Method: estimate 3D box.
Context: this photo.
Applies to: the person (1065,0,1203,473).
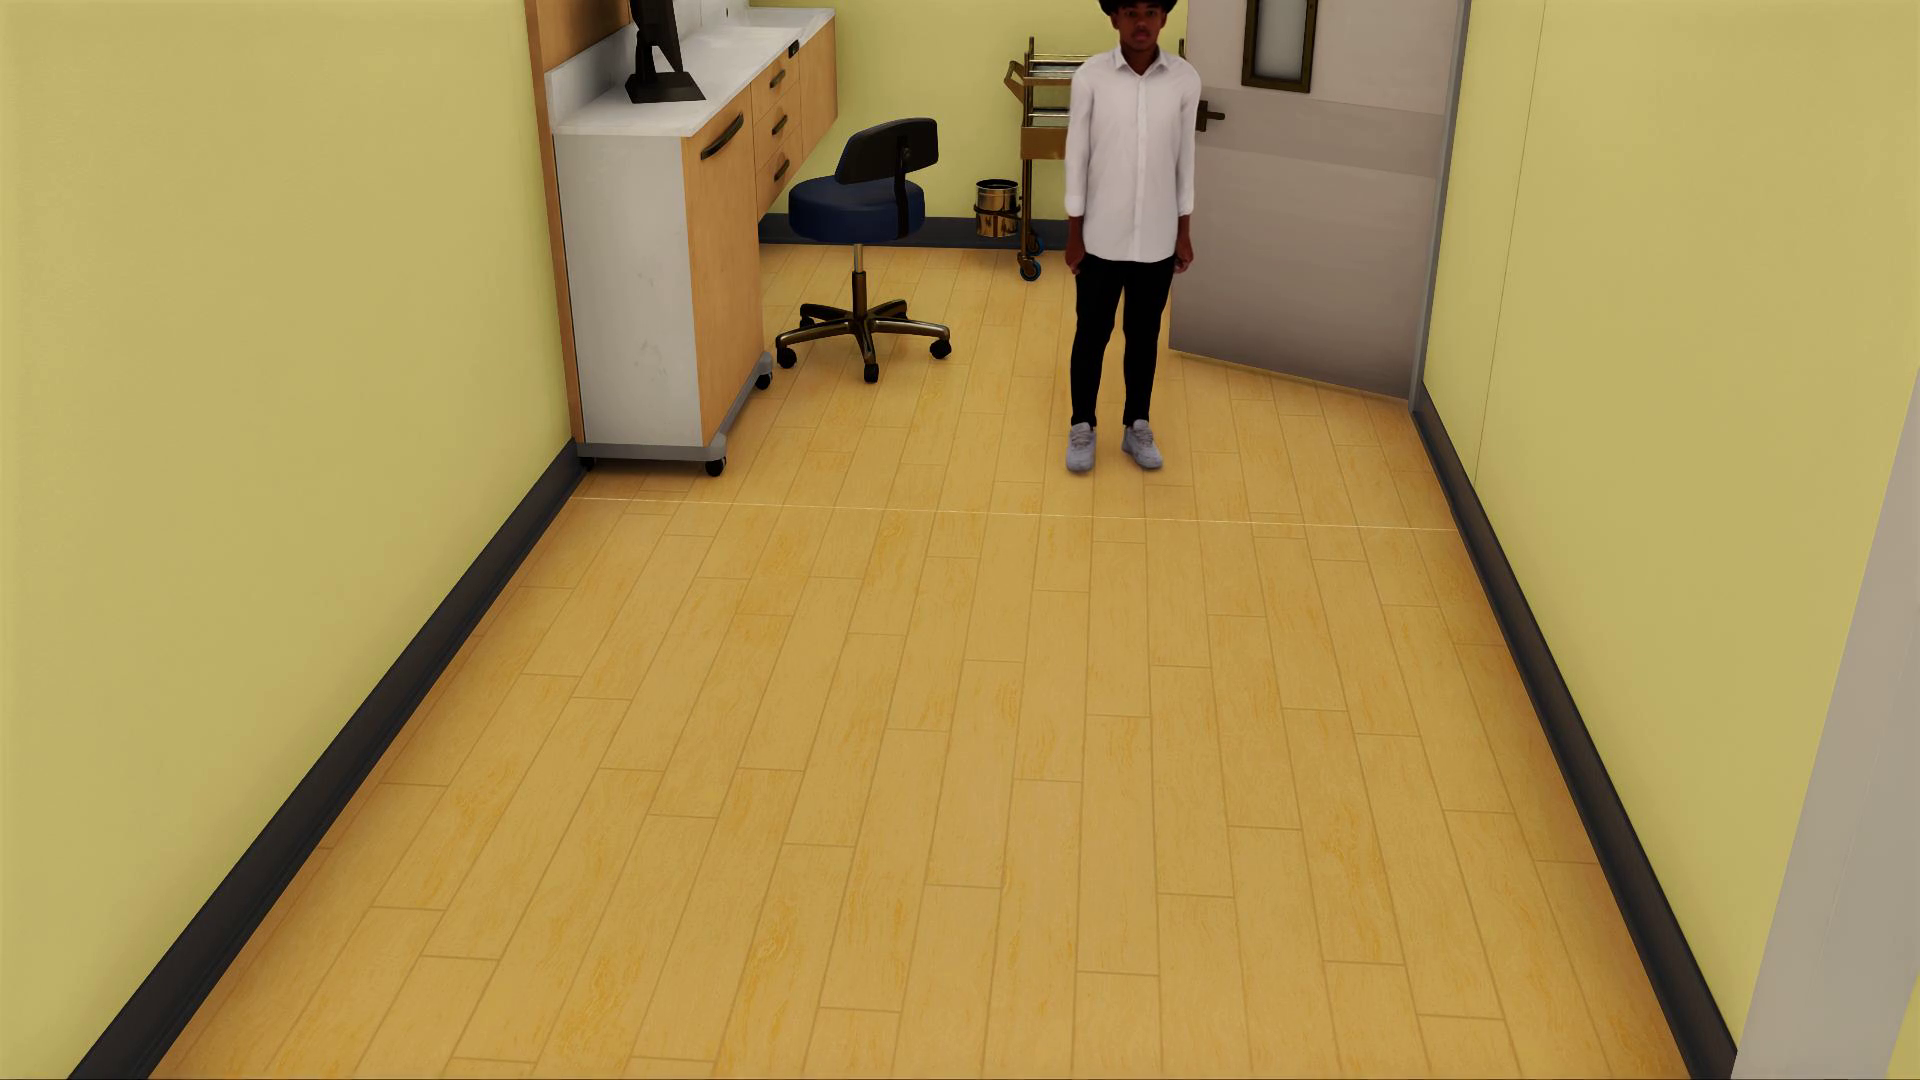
[{"bbox_3d":[0.592,-1.133,5.900,0.554,1.809,0.718,-2,26,-4],"label":"person"}]
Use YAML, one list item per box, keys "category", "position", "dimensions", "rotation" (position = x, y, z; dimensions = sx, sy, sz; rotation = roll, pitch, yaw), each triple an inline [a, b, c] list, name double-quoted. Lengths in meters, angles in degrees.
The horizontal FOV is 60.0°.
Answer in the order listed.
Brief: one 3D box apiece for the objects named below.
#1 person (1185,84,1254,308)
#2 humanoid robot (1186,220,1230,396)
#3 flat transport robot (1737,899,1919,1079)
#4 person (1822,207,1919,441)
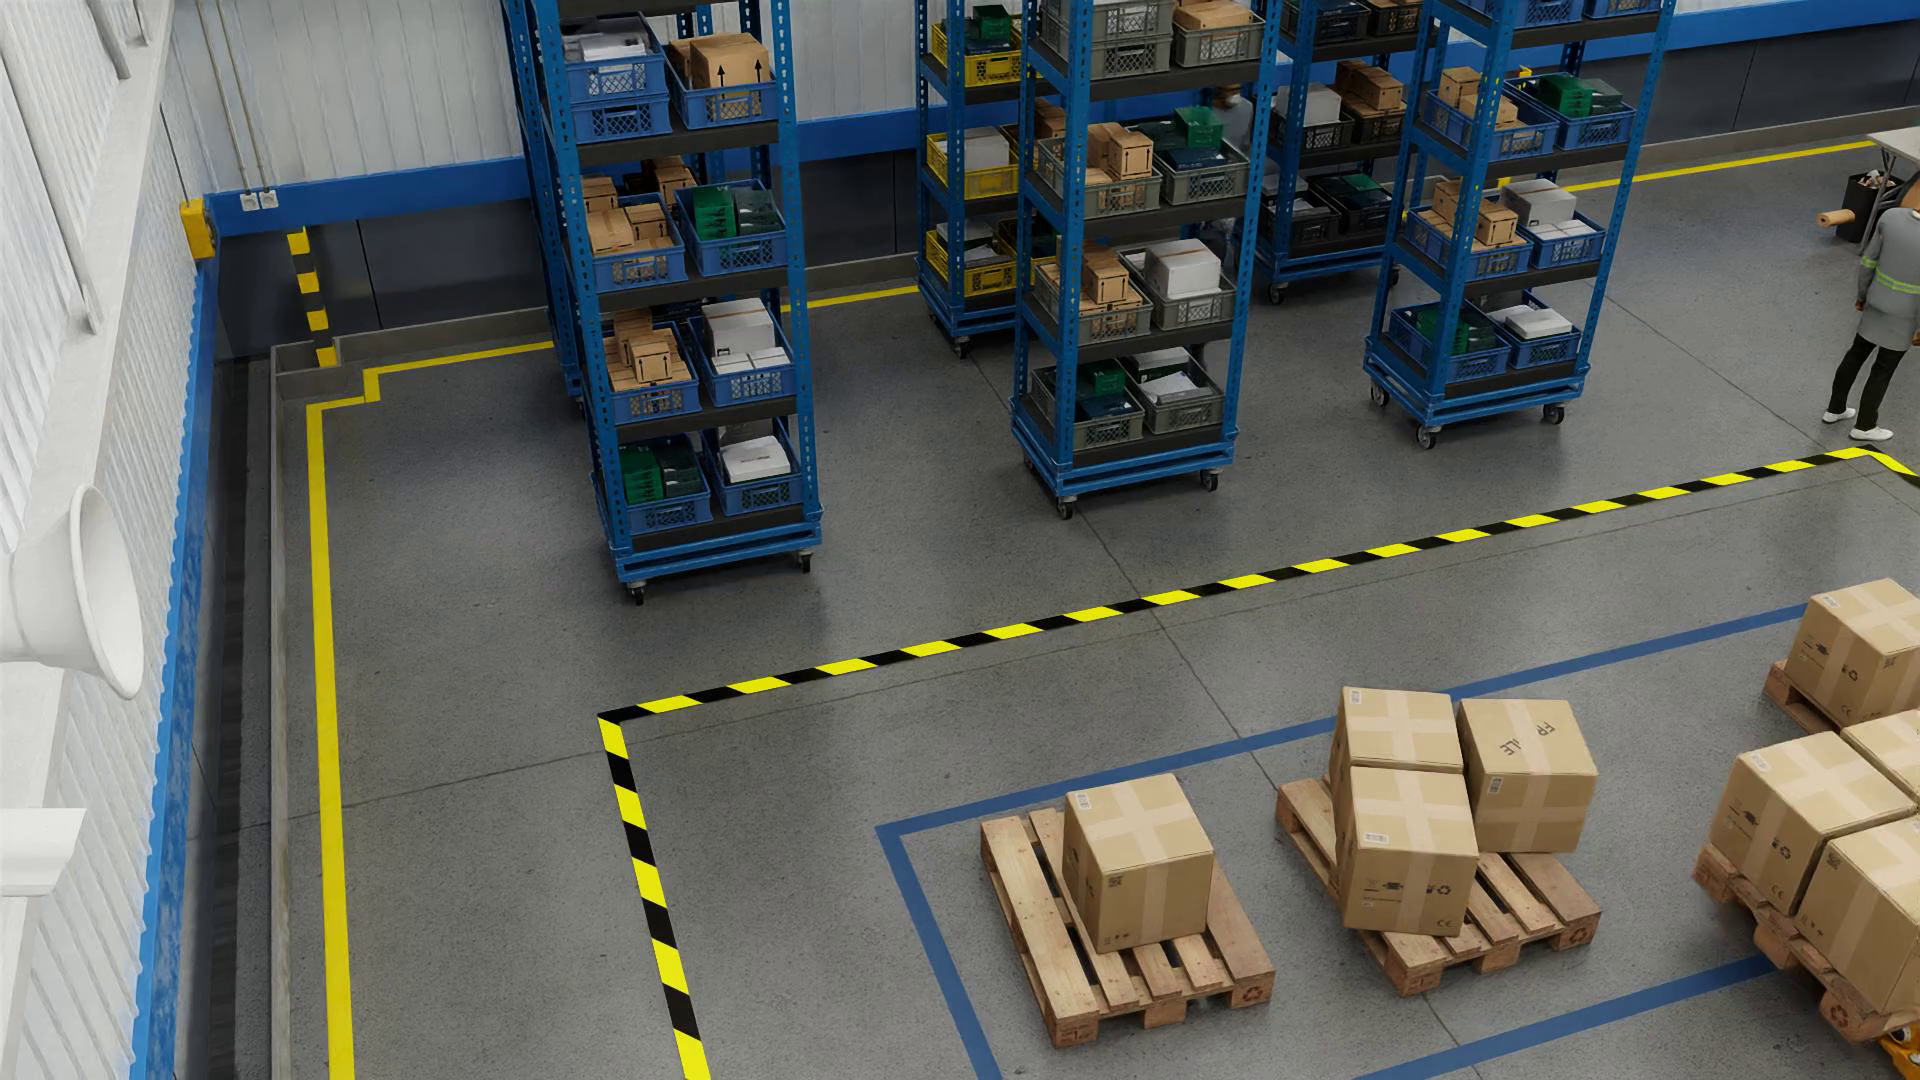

* **Work order**:
Give only the number of lines in the preceding data that include the word "robot".

* **Answer to the exercise**:
2